• **To do**
Look for the string "Information" in the data below, and copy each line that holds it.

• **Given data**
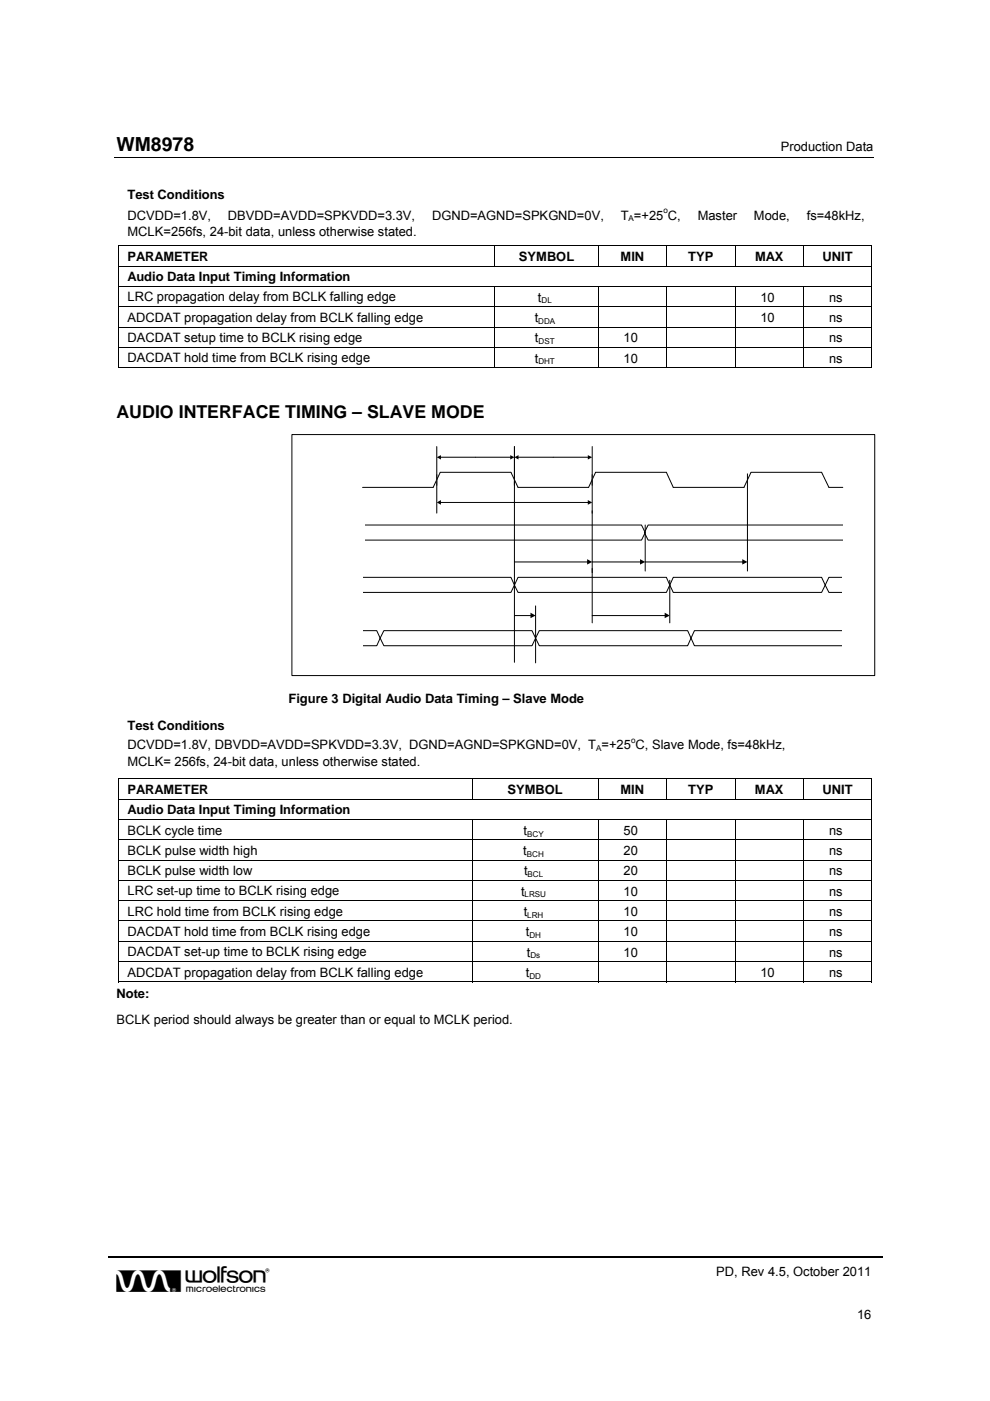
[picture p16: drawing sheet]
<svg xmlns="http://www.w3.org/2000/svg" width="210mm" height="297mm" viewBox="0 0 210 297" stroke-linecap="round" stroke-linejoin="round" font-family="sans-serif">
<defs><g id="words">
<text font-size="6.9" x="24.7" y="274">w</text>
<text font-size="4.1" x="24.7" y="32.1">WM8978</text>
<text font-size="3.8" x="24.7" y="88.5">AUDIO INTERFACE TIMING – SLAVE MODE</text>
<g font-size="2.7">
<text x="165.5" y="32.1">Production Data</text>
<text x="27" y="42.1">Test Conditions</text>
<text x="27" y="46.6">DCVDD=1.8V,</text>
<text x="48.3" y="46.6">DBVDD=AVDD=SPKVDD=3.3V,</text>
<text x="91.6" y="46.6">DGND=AGND=SPKGND=0V,</text>
<text x="131.6" y="46.6">T =+25 C,</text>
<text x="147.9" y="46.6">Master</text>
<text x="159.9" y="46.6">Mode,</text>
<text x="171.1" y="46.6">fs=48kHz,</text>
<text x="27" y="50">MCLK=256fs, 24-bit data, unless otherwise stated.</text>
<text x="27" y="55.3">PARAMETER</text>
<text x="27" y="59.6">Audio Data Input Timing Information</text>
<text x="110" y="55.3">SYMBOL</text>
<text x="131.6" y="55.3">MIN</text>
<text x="145.9" y="55.3">TYP</text>
<text x="160.1" y="55.3">MAX</text>
<text x="174.4" y="55.3">UNIT</text>
<text x="27" y="63.9">LRC propagation delay from BCLK falling edge</text>
<text x="114.1" y="64">t</text>
<text x="161.2" y="64">10</text>
<text x="175.8" y="64">ns</text>
<text x="27" y="68.2">ADCDAT propagation delay from BCLK falling edge</text>
<text x="113.4" y="68.3">t</text>
<text x="161.2" y="68.3">10</text>
<text x="175.8" y="68.3">ns</text>
<text x="27" y="72.5">DACDAT setup time to BCLK rising edge</text>
<text x="27" y="76.8">DACDAT hold time from BCLK rising edge</text>
<text x="113.4" y="76.9">t</text>
<text x="113.4" y="72.6">t</text>
<text x="132.2" y="76.9">10</text>
<text x="132.2" y="72.6">10</text>
<text x="175.8" y="76.9">ns</text>
<text x="175.8" y="72.6">ns</text>
<text x="61.2" y="149">Figure 3 Digital Audio Data Timing – Slave Mode</text>
<text x="27" y="154.7">Test Conditions</text>
<text x="27" y="158.9">DCVDD=1.8V, DBVDD=AVDD=SPKVDD=3.3V, DGND=AGND=SPKGND=0V, T =+25 C, Slave Mode, fs=48kHz,</text>
<text x="27" y="162.3">MCLK= 256fs, 24-bit data, unless otherwise stated.</text>
<text x="27" y="172.6">Audio Data Input Timing Information</text>
<text x="27" y="168.3">PARAMETER</text>
<text x="107.6" y="168.3">SYMBOL</text>
<text x="131.6" y="168.3">MIN</text>
<text x="145.9" y="168.3">TYP</text>
<text x="160.1" y="168.3">MAX</text>
<text x="174.4" y="168.3">UNIT</text>
<text x="27" y="176.9">BCLK cycle time</text>
<text x="111" y="177">t</text>
<text x="132.2" y="177">50</text>
<text x="175.8" y="177">ns</text>
<text x="27" y="181.3">BCLK pulse width high</text>
<text x="27" y="185.5">BCLK pulse width low</text>
<text x="111" y="181.3">t</text>
<text x="111.1" y="185.6">t</text>
<text x="132.2" y="185.6">20</text>
<text x="132.2" y="181.3">20</text>
<text x="175.8" y="185.6">ns</text>
<text x="175.8" y="181.3">ns</text>
<text x="27" y="189.8">LRC set-up time to BCLK rising edge</text>
<text x="110.5" y="189.9">t</text>
<text x="132.2" y="189.9">10</text>
<text x="175.8" y="189.9">ns</text>
<text x="27" y="194.1">LRC hold time from BCLK rising edge</text>
<text x="111" y="194.2">t</text>
<text x="132.2" y="194.2">10</text>
<text x="175.8" y="194.2">ns</text>
<text x="27" y="198.5">DACDAT hold time from BCLK rising edge</text>
<text x="27" y="202.8">DACDAT set-up time to BCLK rising edge</text>
<text x="111.5" y="198.5">t</text>
<text x="111.7" y="202.8">t</text>
<text x="132.2" y="198.5">10</text>
<text x="132.2" y="202.8">10</text>
<text x="175.8" y="198.5">ns</text>
<text x="175.8" y="202.8">ns</text>
<text x="27" y="207.1">ADCDAT propagation delay from BCLK falling edge</text>
<text x="111.5" y="207.1">t</text>
<text x="161.2" y="207.1">10</text>
<text x="175.8" y="207.1">ns</text>
<text x="24.7" y="211.7">Note:</text>
<text x="24.7" y="217.2">BCLK period should always be greater than or equal to MCLK period.</text>
<text x="151.9" y="270.6">PD, Rev 4.5, October 2011</text>
<text x="181.7" y="279.6">16</text>
</g>
<g font-size="1.7">
<text x="133.3" y="46.9">A</text>
<text x="140.7" y="45.2">o</text>
<text x="114.8" y="64.3">DL</text>
<text x="114.1" y="68.6">DDA</text>
<text x="114.2" y="77.3">DHT</text>
<text x="114.2" y="72.9">DST</text>
<text x="126.4" y="159.2">A</text>
<text x="133.8" y="157.5">o</text>
<text x="111.8" y="177.4">BCY</text>
<text x="111.7" y="181.7">BCH</text>
<text x="111.9" y="185.9">BCL</text>
<text x="111.2" y="190.3">LRSU</text>
<text x="111.8" y="194.6">LRH</text>
<text x="112.3" y="198.9">DH</text>
<text x="112.5" y="203.2">Ds</text>
<text x="112.3" y="207.5">DD</text>
</g>
</g></defs>
<g fill="none" stroke="#000" stroke-width=".21">
<path d="M24.2 33.4h161.1M25.1 52.1h159.8M25.1 56.4h159.8M25.2 52.2v4.2M25.2 56.5v4.2M104.9 52.2v4.2M126.8 52.2v4.2M141.3 52.2v4.2M155.9 52.2v4.2M170.3 52.2v4.2M184.8 52.2v4.2M184.8 56.5v4.2"/>
<path d="M25.1 60.7h159.8M25.1 65h159.8M25.1 69.3h159.8M25.1 73.6h159.8M25.1 78h79.8M25.2 60.8v4.2M25.2 65.1v4.2M25.2 69.4v4.2M25.2 73.7v4.3M104.9 60.8v4.2M104.9 65.1v4.2M104.9 69.4v4.2"/>
<path d="M104.9 73.7v4.3M105 78h21.8M126.8 60.8v4.2M126.8 65.1v4.2M126.8 69.4v4.2M126.8 73.7v4.3M126.9 78h14.3M141.3 60.8v4.2M141.3 65.1v4.2M141.3 69.4v4.2M141.3 73.7v4.3M141.4 78h14.4"/>
<path d="M155.9 60.8v4.2M155.9 65.1v4.2M155.9 69.4v4.2M155.9 73.7v4.3M155.9 78h14.4M170.3 60.8v4.2M170.3 65.1v4.2M170.3 69.4v4.2M170.3 73.7v4.3M170.4 78h14.4M184.8 60.8v4.2M184.8 65.1v4.2"/>
<path d="M184.8 69.4v4.2M184.8 73.7v4.3M61.9 92.1h123.6v51.1h-123.6zM76.9 111.3h59.1l.8 1.6-.8 1.6h-59.1l-.8-1.6zM76.9 103.3h14.9l1.5-3.2h15l1.5 3.2h15l1.5-3.2h15l1.4 3.2h15l1.5-3.2h15l1.5 3.2h3M137.4 111.3h42.1l.7 1.6-.7 1.6h-42.1l-.8-1.6z"/>
</g>
<path d="M22.8 266.6h164.3" fill="none" stroke="#000" stroke-width=".32"/>
<path d="M25.1 52h.2v.2h-.2zM184.8 52h.1v.2h-.1zM184.8 77.9h.1v.1h-.1z" fill="#000"/>
<g fill="#fff">
<path d="M178.7 110.4h5.2v4.8h-5.2z"/>
<path d="M74.3 110.1h2.9v4.8h-2.9z"/>
</g>
<path d="M92.6 94.7v8.2zM109.1 94.7v8.2z" fill-rule="evenodd" fill="#fff"/>
<path d="M92.6 94.7v8.2zM93.4 96.9h14.9M109.1 94.7v8.2z" fill="none" stroke="#000" stroke-width=".21"/>
<path d="M92.6 96.9l.9-.4v.9zM108.2 96.5l.9 .4-.9 .5z" fill="#000"/>
<path d="M109.1 94.7v8.2zM125.6 94.7v8.2z" fill-rule="evenodd" fill="#fff"/>
<path d="M109.1 94.7v8.2zM109.8 96.9h14.9M125.6 94.7v8.2z" fill="none" stroke="#000" stroke-width=".21"/>
<path d="M109.1 96.9l.8-.4v.9zM124.6 96.5l1 .4-1 .5z" fill="#000"/>
<path d="M92.6 100.6v8.2zM125.6 100.6v8.2z" fill-rule="evenodd" fill="#fff"/>
<path d="M92.6 100.6v8.2zM93.4 106.5h31.3M125.6 100.6v8.2zM76.1 122.4h32.2l.8 1.7-.8 1.5h-32.2l-.7-1.5zM109.8 122.4h31.5l.7 1.7-.7 1.5h-31.5l-.7-1.5zM142.7 122.4h31.5l.8 1.7-.8 1.5h-31.5l-.7-1.5zM175.7 122.4h4.5l.8 1.7-.8 1.5h-4.5l-.7-1.5z" fill="none" stroke="#000" stroke-width=".21"/>
<path d="M92.6 106.5l.9-.5v1zM124.6 106l1 .5-1 .5z" fill="#000"/>
<g fill="#fff">
<path d="M73.8 121.7h3v4.8h-3z"/>
<path d="M178.6 121.3h5.2v4.8h-5.2z"/>
</g>
<path d="M75.4 133.7h4.5l.7 1.6-.7 1.6h-4.5l-.7-1.6zM81.4 133.7h31.4l.8 1.6-.8 1.6h-31.4l-.8-1.6zM114.3 133.7h31.5l.7 1.6-.7 1.6h-31.5l-.7-1.6zM147.2 133.7h32.3l.7 1.6-.7 1.6h-32.3l-.7-1.6z" fill="none" stroke="#000" stroke-width=".21"/>
<g fill="#fff">
<path d="M178.7 132.6h3v4.8h-3z"/>
<path d="M71.8 132.6h5.2v4.8h-5.2z"/>
</g>
<g fill="none" stroke="#000" stroke-width=".21">
<path d="M109.1 119.1h15.5M109.1 102.1v38.3M125.6 108.3v23.8M125.6 119.1h10.2M136.8 119.1h20.7M136.8 111.3v9.8M158.5 100.5v20.6M109.1 130.5h3.5M113.6 128.5v12M125.6 130.5h15.5M142 123v9.1M25.1 165.1h159.8"/>
<path d="M25.1 169.4h159.8M25.1 173.8h159.8M25.1 178.1h159.8M25.2 165.2v4.2M25.2 169.5v4.2M25.2 173.8v4.2M25.2 178.1v4.2M100.1 165.2v4.2M100.1 173.8v4.2M100.1 178.1v4.2M126.8 165.2v4.2M126.8 173.8v4.2"/>
<path d="M126.8 178.1v4.2M141.3 165.2v4.2M141.3 173.8v4.2M141.3 178.1v4.2M155.9 165.2v4.2M155.9 173.8v4.2M155.9 178.1v4.2M170.3 165.2v4.2M170.3 173.8v4.2M170.3 178.1v4.2M184.8 165.2v4.2M184.8 169.5v4.2"/>
<path d="M184.8 173.8v4.2M184.8 178.1v4.2M25.1 182.4h159.8M25.1 186.7h159.8M25.1 191h159.8M25.1 195.3h159.8M25.1 199.6h159.8M25.2 182.4v4.2M25.2 186.7v4.2M25.2 191.1v4.1M25.2 195.3v4.2M25.2 199.6v4.2"/>
<path d="M100.1 182.4v4.2M100.1 186.7v4.2M100.1 191.1v4.1M100.1 195.3v4.2M100.1 199.6v4.2M126.8 182.4v4.2M126.8 186.7v4.2M126.8 191.1v4.1M126.8 195.3v4.2M126.8 199.6v4.2M141.3 182.4v4.2M141.3 186.7v4.2"/>
<path d="M141.3 191.1v4.1M141.3 195.3v4.2M141.3 199.6v4.2M155.9 182.4v4.2M155.9 186.7v4.2M155.9 191.1v4.1M155.9 195.3v4.2M155.9 199.6v4.2M170.3 182.4v4.2M170.3 186.7v4.2M170.3 191.1v4.1M170.3 195.3v4.2"/>
<path d="M170.3 199.6v4.2M184.8 182.4v4.2M184.8 186.7v4.2M184.8 191.1v4.1M184.8 195.3v4.2M184.8 199.6v4.2M25.1 203.9h159.8M25.1 208.2h74.9M25.2 203.9v4.4M100.1 203.9v4.4M100.2 208.2h26.6M126.8 203.9v4.4"/>
<path d="M126.9 208.2h14.3M141.3 203.9v4.4M141.4 208.2h14.4M155.9 203.9v4.4M155.9 208.2h14.4M170.3 203.9v4.4M170.4 208.2h14.4M184.8 203.9v4.4"/>
</g>
<path d="M124.5 118.6l1.1 .5-1.1 .6zM135.7 118.6l1.1 .5-1.1 .6zM157.4 118.6l1.1 .5-1.1 .6zM112.5 129.9l1.1 .6-1.1 .6zM140.9 129.9l1.1 .6-1.1 .6z" fill="#000"/>
<path d="M25.1 165.1h.2v.1h-.2zM184.8 165.1h.1v.1h-.1zM184.8 208.1h.1v.2h-.1z" fill="#000"/>
<use href="#words"/>
</svg>

• **Answer space**
<text x="27" y="59.6">Audio Data Input Timing Information</text>
<text x="27" y="172.6">Audio Data Input Timing Information</text>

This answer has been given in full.